Again, we’re going to use David Kerzel’s little AC31 board to do the magic and make use of his relay to do a couple of things. Interlock the controller again of course. We’ll also probably use it to turn on the heater pump through a seasonal switch. In this way, in winter with the seasonal switch set, the charger will cause the pump to come on circulating our glycol in the system. We’re going to put two little 250 watt rubber heater pads on our system that run off of 240vac. When the J1772 connector is in, this will use wall AC to gently heat the system – all night long in most cases. So the pump will run and the very low level of heating should keep both cabin and batteries reasonably above freezing and I suspect, running all night, really quite warm which is why we are using such weenie heaters.

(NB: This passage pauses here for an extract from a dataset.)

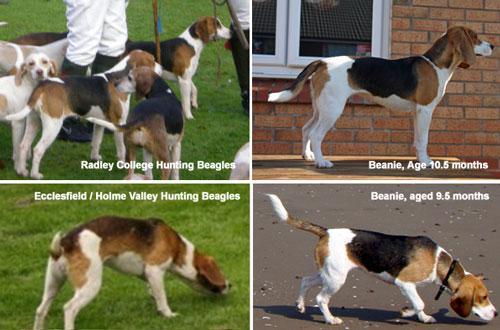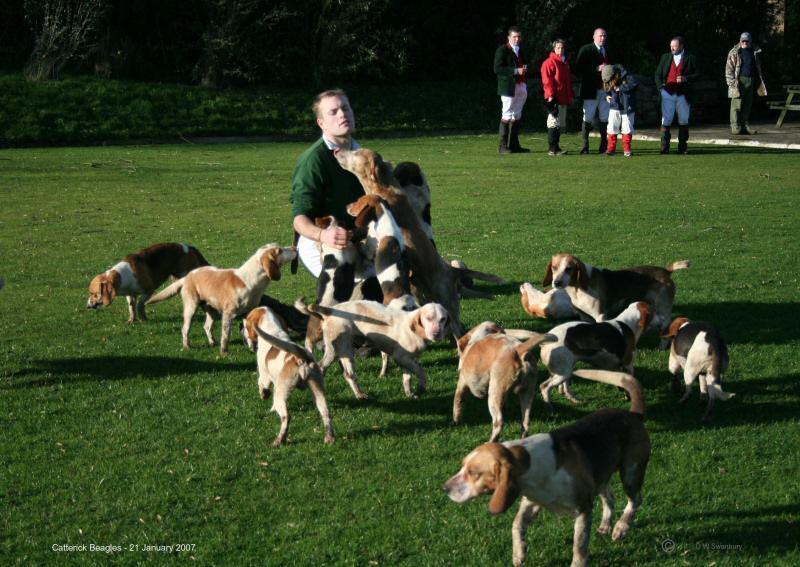The first image is the image on the left, the second image is the image on the right. Given the left and right images, does the statement "At least one horse is present with a group of hounds in one image." hold true? Answer yes or no. No. The first image is the image on the left, the second image is the image on the right. Analyze the images presented: Is the assertion "A horse is in a grassy area with a group of dogs." valid? Answer yes or no. No.

During the day while driving, our much larger 14 kw heater running off pack voltage can be used as desired. But I don’t want THAT much heater running all night. A thermostat failure and we could really heat things up and cause a fire.
So we’ll have an alternate system powered by AC when charging.
Today’s video is of a bit more reasonable length. Our 3 hour mini series are just too much editing for me, and two much video for you.